• WORK INSTRUCTIONS
Gather every line below where "Field" appears.

[Dataset records]
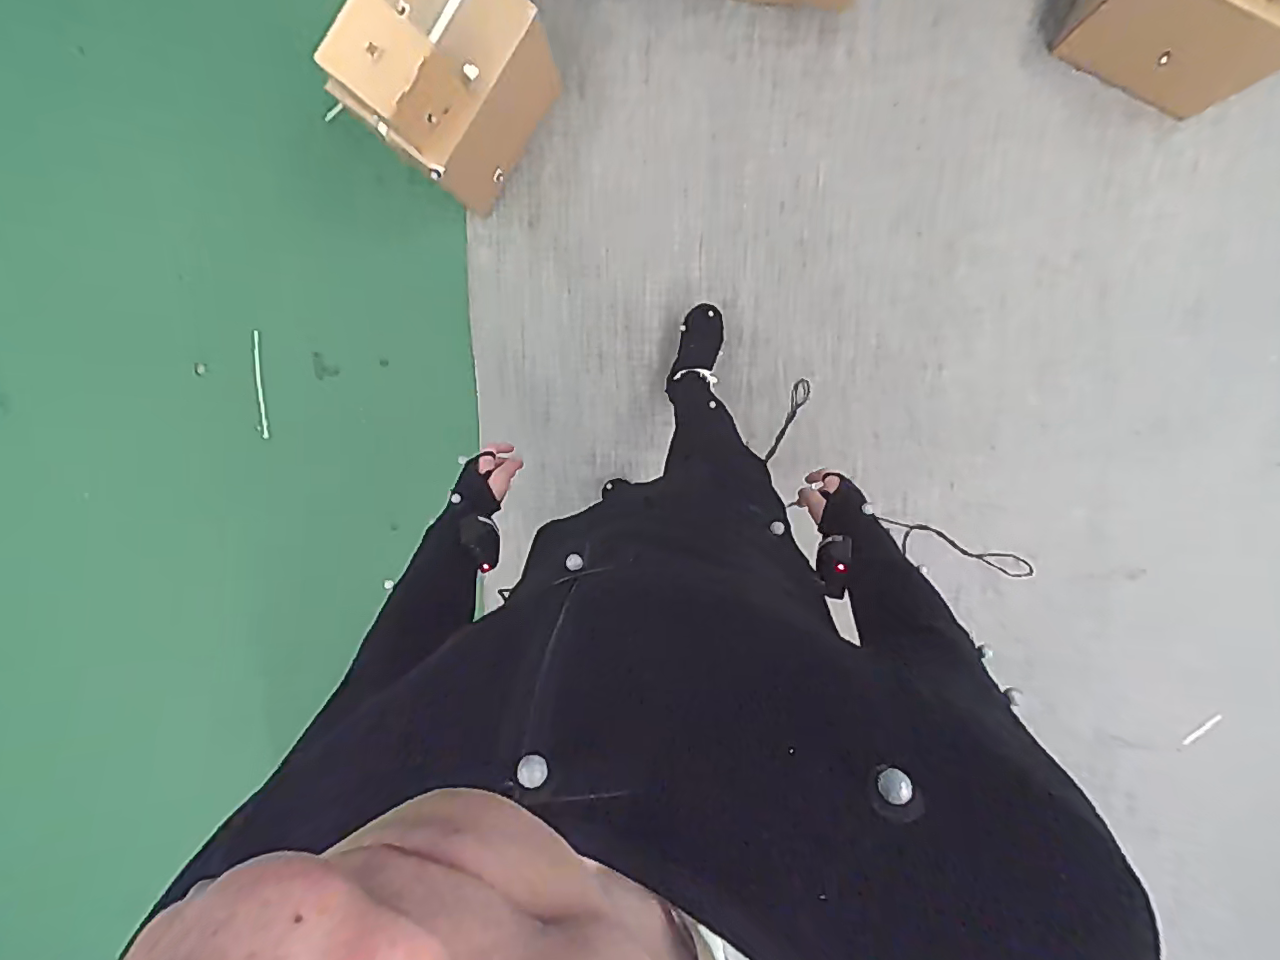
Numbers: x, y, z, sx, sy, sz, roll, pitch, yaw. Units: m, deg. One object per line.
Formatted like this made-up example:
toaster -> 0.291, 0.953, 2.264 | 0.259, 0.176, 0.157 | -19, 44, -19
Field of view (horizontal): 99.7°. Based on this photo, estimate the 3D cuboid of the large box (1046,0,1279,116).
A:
large box -> 1.274, -1.124, 1.224 | 0.408, 0.320, 0.320 | 24, 99, -1

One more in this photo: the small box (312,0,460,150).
small box -> -0.501, -0.816, 1.093 | 0.179, 0.176, 0.168 | 37, 98, -6
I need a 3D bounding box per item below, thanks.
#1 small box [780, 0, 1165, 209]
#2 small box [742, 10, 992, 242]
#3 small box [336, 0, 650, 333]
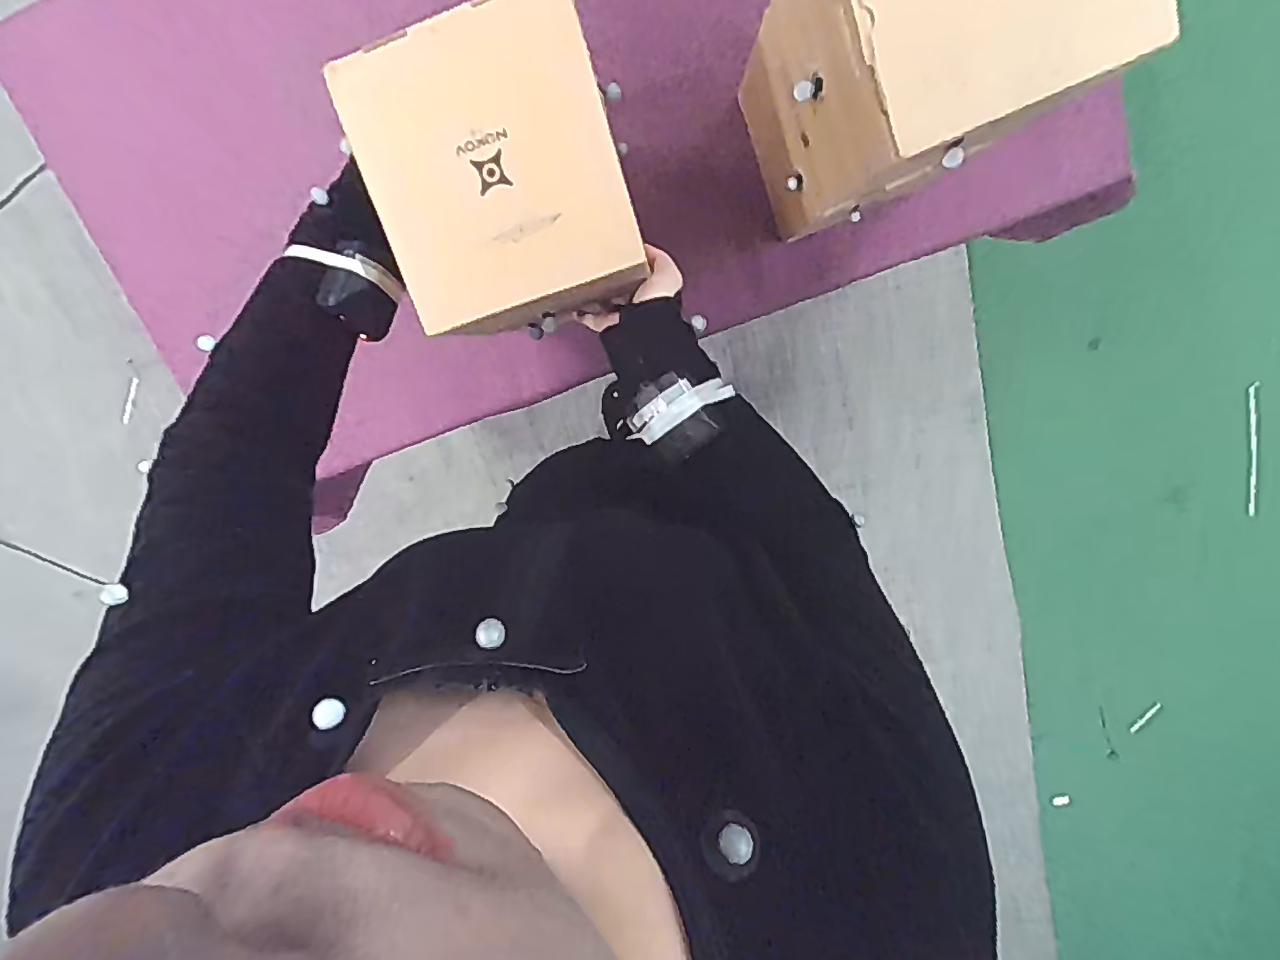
[{"bbox_3d":[0.215,-0.328,0.401,0.179,0.176,0.168,-21,104,8],"label":"small box"},{"bbox_3d":[0.217,-0.373,0.559,0.168,0.176,0.179,-21,104,7],"label":"small box"},{"bbox_3d":[-0.093,-0.226,0.435,0.168,0.176,0.179,-16,103,7],"label":"small box"}]
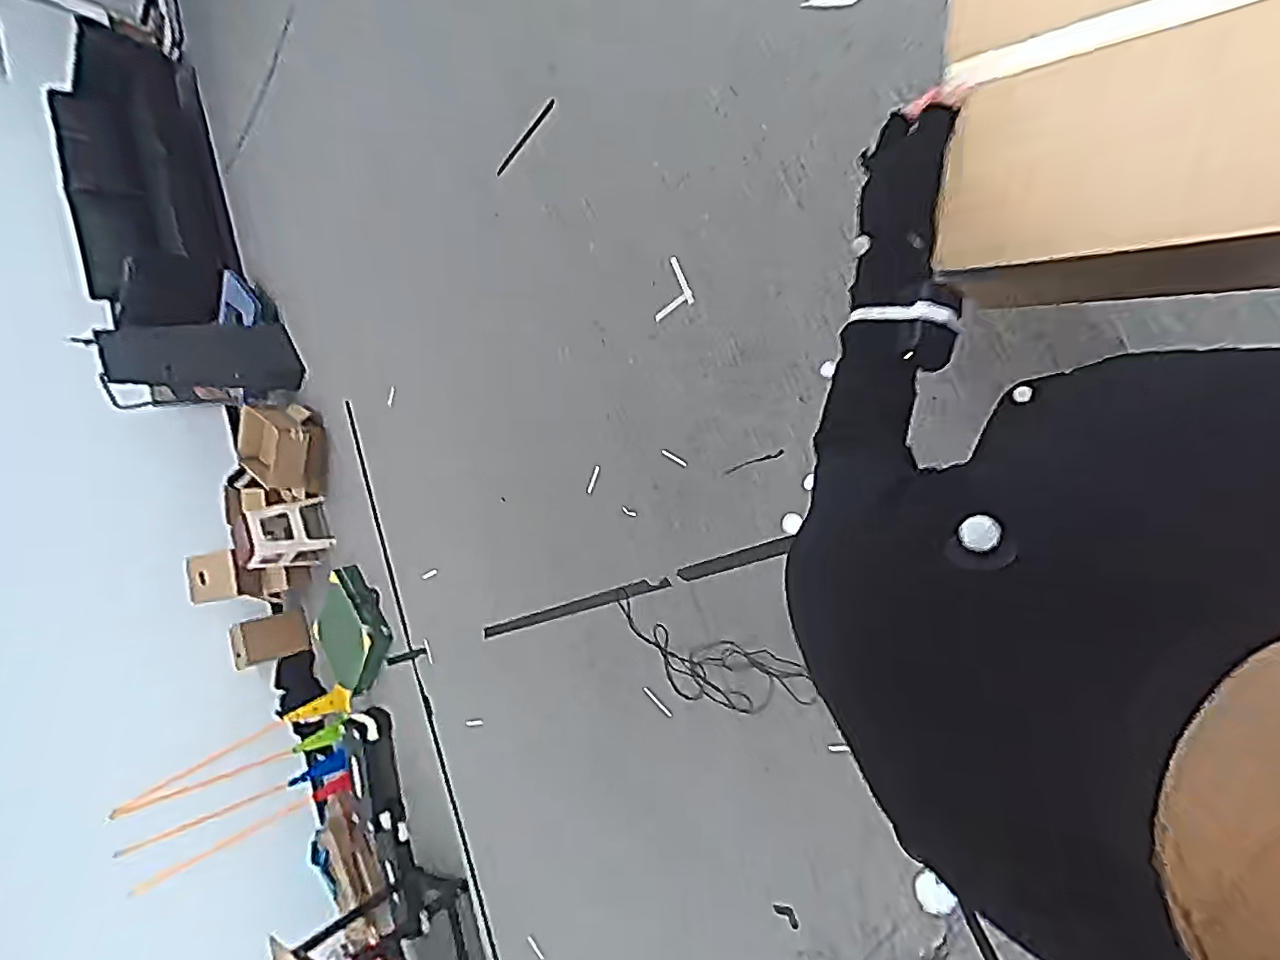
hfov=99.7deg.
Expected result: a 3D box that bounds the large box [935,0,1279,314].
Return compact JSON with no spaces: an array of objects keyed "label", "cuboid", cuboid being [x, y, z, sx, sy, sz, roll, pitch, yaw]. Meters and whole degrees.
[{"label":"large box","cuboid":[0.513,-0.344,0.475,0.408,0.320,0.320,5,101,38]}]
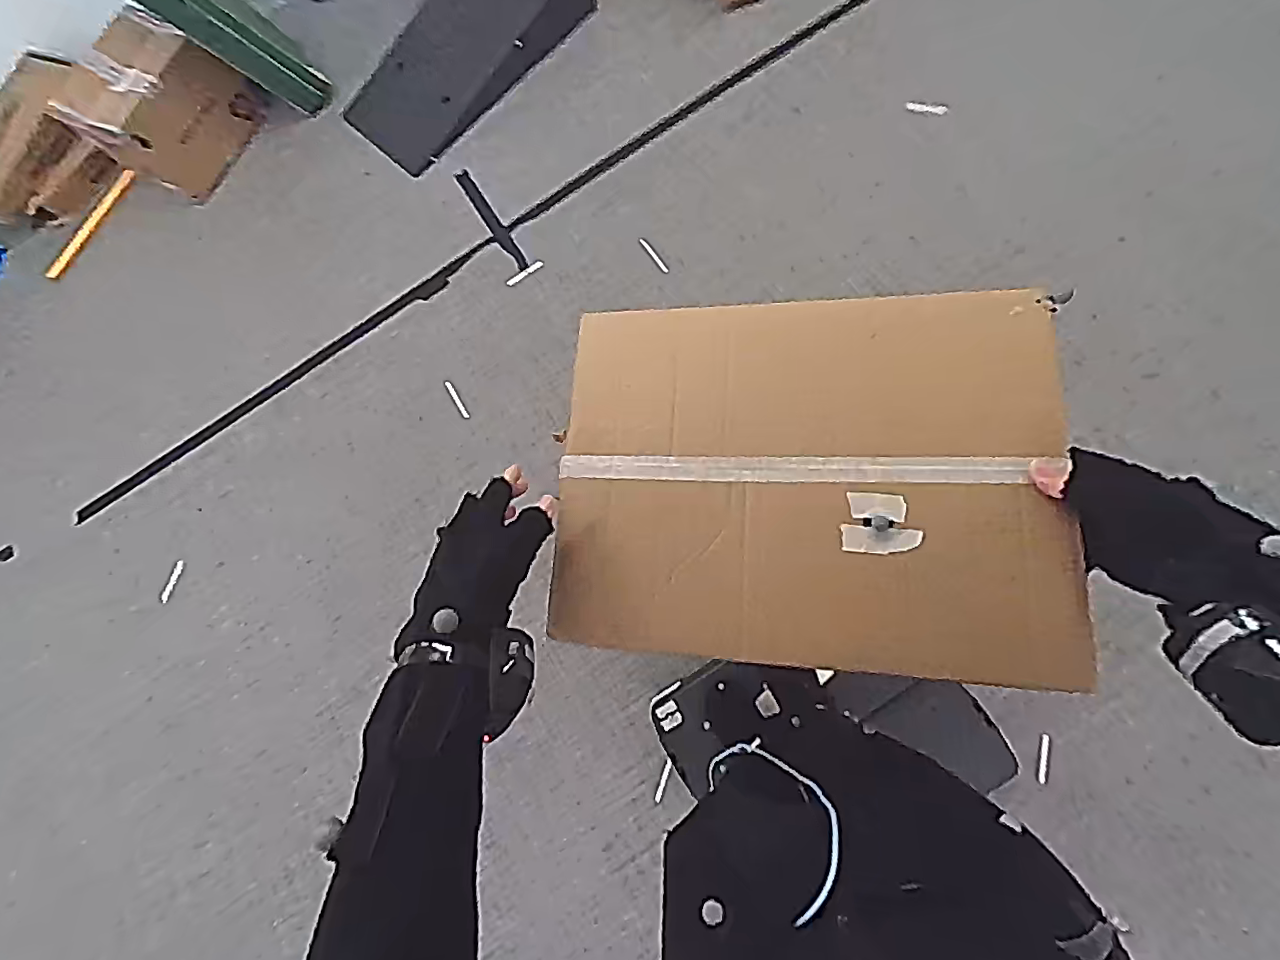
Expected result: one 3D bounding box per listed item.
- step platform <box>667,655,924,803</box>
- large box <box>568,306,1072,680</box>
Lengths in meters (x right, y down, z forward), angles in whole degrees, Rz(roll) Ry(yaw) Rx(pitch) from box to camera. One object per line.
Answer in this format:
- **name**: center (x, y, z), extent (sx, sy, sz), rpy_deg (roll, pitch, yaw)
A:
- **step platform**: center (0.401, 0.467, 1.327), extent (0.684, 0.204, 0.286), rpy_deg (-35, 73, -2)
- **large box**: center (0.169, 0.033, 0.617), extent (0.408, 0.320, 0.320), rpy_deg (1, 77, 15)
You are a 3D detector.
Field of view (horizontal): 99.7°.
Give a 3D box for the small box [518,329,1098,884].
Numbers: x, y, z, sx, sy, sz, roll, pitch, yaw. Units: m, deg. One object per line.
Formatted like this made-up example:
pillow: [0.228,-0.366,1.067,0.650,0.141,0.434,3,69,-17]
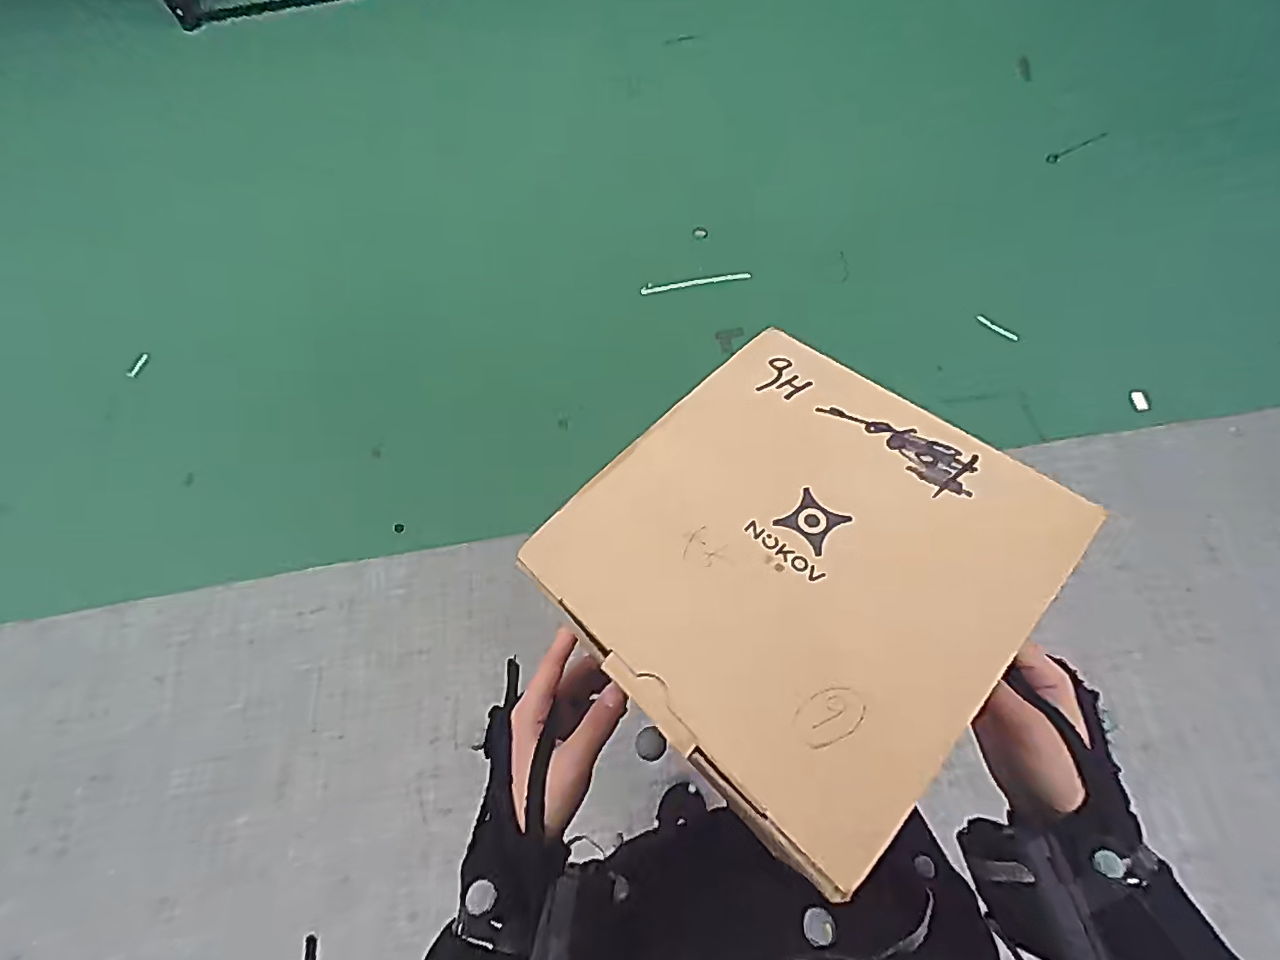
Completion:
small box: [0.073,0.063,0.288,0.179,0.176,0.168,-42,63,-16]

• OUTPUT FOR THIS EXERCISE
Field of view (horizontal): 99.7°. Based on this photo, estimate the 3D cuboid of the large box (1046,0,1279,116).
Field of view (horizontal): 99.7°.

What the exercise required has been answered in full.